Could you please output only the lines from the one holding "Formatted like this" through the end of the listing below, exactly as written and without pictures?

> **INPUT DATA**
┄┄┄┄┄┄┄┄┄┄┄┄┄┄┄┄┄┄┄┄

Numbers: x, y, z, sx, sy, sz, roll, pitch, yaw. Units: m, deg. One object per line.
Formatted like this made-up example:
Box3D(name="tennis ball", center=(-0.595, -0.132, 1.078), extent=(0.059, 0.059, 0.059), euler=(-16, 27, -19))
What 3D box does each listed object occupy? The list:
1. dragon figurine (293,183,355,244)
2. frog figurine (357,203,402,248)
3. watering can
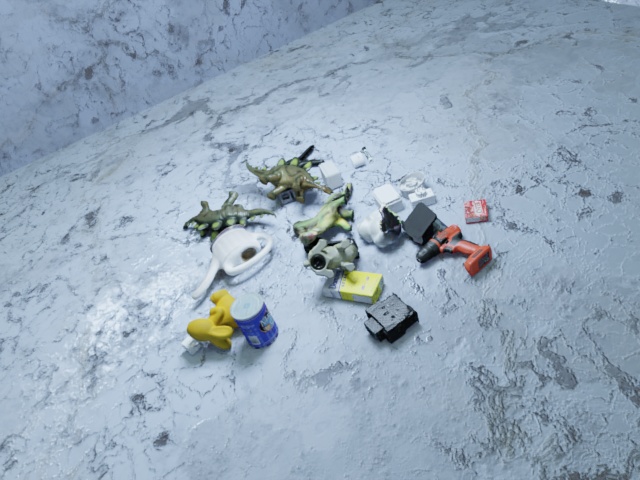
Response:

┄┄┄┄┄┄┄┄┄┄┄┄┄┄┄┄┄┄┄┄

> **WRITTEN ANSWER**
Formatted like this made-up example:
Box3D(name="tennis ball", center=(-0.595, -0.132, 1.078), extent=(0.059, 0.059, 0.059), euler=(-16, 27, -19))
What 3D box does each listed object occupy? The list:
1. dragon figurine (293,183,355,244)
2. frog figurine (357,203,402,248)
3. watering can
Response:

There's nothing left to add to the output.